Judge orders mock lotteries for weed licenses

The so-called super deal involves 70 applicants who challenged the licensing process. Some of them have participated in previous lotteries and will not be allowed to participate in the simulated lotteries. It is not known how many contestants will participate in the simulated lotteries.

The judge and the state are trying to thread a tricky legal needle: resolve administrative issues with the original lotteries to award 185 marijuana retail licenses without throwing out all the results and starting over. Any applicants deemed to have been unjustly excluded from the original lotteries would be awarded licenses from a pool of 205 remaining dispensary licenses that were not distributed.

Rather than hearing 70 cases and allowing the winners to enter a lottery that they may or may not win, Gamrath is trying to move the process along. The original lotteries were conducted with a computer, rather than physically drawing numbers. The state proposed to hold a simulated lottery that would produce the same odds as the original electronic draw.

“This tribunal believes that ordering remedial lotteries at this stage will indeed expedite the resolution of issues and avoid unnecessary delays and costs, while doing justice to the parties and preserving the rights of all,” Gamrath said in the ruling. of yesterday.

The judge previously said that due to the number of plaintiffs, it could take 18 months to resolve all cases.

“It lets litigants know if there is something worth fighting for before spending additional resources, and it provides some light at the end of the tunnel for the previous 185 winners who have waited patiently,” said Ryan Holz, partner at Greenspoon Marder, which represents several plaintiffs.

Gamrath also offered plaintiffs in the super case the option to opt out of mock lotteries to pursue their administrative challenges first.

“Overall, we believe this is a positive and significant step towards the resolution of an otherwise very protracted litigation and, in turn, a step towards the resolution of an issuance process. very long dispensary license,” said Irina Dashevsky, another Greenspoon Marder partner. “We believe this decision presents reasonable common ground for parties and a way forward for litigants.”

The process has already stalled.

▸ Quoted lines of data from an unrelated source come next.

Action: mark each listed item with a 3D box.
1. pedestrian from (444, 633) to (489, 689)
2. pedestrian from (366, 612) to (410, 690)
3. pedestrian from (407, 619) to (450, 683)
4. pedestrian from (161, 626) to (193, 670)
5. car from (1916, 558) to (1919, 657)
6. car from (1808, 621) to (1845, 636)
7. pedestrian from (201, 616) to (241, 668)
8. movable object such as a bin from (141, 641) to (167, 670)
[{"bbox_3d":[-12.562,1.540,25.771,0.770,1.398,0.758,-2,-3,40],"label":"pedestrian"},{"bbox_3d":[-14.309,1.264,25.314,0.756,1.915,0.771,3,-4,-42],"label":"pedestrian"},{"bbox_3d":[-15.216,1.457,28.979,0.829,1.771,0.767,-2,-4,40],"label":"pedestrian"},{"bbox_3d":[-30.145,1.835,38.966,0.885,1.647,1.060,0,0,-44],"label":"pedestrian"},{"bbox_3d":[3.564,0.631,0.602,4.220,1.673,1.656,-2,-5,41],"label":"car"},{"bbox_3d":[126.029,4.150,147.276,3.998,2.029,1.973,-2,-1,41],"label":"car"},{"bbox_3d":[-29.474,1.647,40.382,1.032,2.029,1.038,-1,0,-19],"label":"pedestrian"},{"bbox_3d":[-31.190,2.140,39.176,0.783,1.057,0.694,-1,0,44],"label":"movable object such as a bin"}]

None of the 185 licenses decided by lotteries last year have yet been awarded due to another case in Cook County, which disputed whether extra points for veterans conflicted with the law of the state passed in 2019 that legalized recreational marijuana in an effort to address the racial and social inequalities created by the war on drugs. Another case challenging the constitutionality of bonus points awarded to Illinois residents is pending in federal court.

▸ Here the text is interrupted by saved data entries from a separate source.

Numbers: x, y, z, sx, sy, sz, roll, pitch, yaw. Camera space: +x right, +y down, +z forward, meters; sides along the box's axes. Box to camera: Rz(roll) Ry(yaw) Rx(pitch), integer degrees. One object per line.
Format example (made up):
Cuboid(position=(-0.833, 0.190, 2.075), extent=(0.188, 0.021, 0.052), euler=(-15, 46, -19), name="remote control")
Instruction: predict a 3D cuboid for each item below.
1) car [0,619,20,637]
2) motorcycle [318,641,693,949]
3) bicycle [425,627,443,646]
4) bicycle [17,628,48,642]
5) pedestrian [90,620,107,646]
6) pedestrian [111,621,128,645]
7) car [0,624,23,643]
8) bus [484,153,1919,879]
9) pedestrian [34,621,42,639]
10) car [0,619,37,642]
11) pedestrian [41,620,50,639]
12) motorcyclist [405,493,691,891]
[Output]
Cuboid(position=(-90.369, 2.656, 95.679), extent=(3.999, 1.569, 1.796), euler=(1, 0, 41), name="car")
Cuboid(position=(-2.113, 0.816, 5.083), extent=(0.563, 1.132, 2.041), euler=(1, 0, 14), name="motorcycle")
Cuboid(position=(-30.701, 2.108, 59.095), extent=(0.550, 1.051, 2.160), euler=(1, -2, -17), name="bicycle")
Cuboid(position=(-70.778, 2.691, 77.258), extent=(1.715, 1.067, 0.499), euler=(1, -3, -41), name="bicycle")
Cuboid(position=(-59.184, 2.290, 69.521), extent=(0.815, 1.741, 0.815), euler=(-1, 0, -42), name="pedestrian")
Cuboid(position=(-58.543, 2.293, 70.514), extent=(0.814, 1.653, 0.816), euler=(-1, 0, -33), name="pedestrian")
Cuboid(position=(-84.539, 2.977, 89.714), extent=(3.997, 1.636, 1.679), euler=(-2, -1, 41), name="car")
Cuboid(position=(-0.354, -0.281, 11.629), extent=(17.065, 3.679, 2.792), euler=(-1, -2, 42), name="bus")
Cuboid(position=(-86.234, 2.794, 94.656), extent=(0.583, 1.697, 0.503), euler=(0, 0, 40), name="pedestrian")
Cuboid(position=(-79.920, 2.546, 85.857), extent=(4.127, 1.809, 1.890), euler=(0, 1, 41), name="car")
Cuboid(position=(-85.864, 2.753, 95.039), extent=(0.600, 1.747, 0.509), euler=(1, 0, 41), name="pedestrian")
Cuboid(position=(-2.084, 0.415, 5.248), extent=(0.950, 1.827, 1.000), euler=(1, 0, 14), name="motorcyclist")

Nearly 1,000 individuals or groups submitted applications for the new retail licenses at the end of 2019. The first 75 were expected to be issued in May 2020. COVID-related delays and initial application scoring issues led to a new rating process. Another 110 licenses were made available to applicants and three lotteries were held in the summer of 2021.

Administrative challenges to the process have been making their way through the courts since last fall. Illinois’ application process, once seen as a potential roadmap for other states, is now seen as flawed. The state has proposed revising the complicated application process for a simpler pass-fail approach to qualifying for a lottery.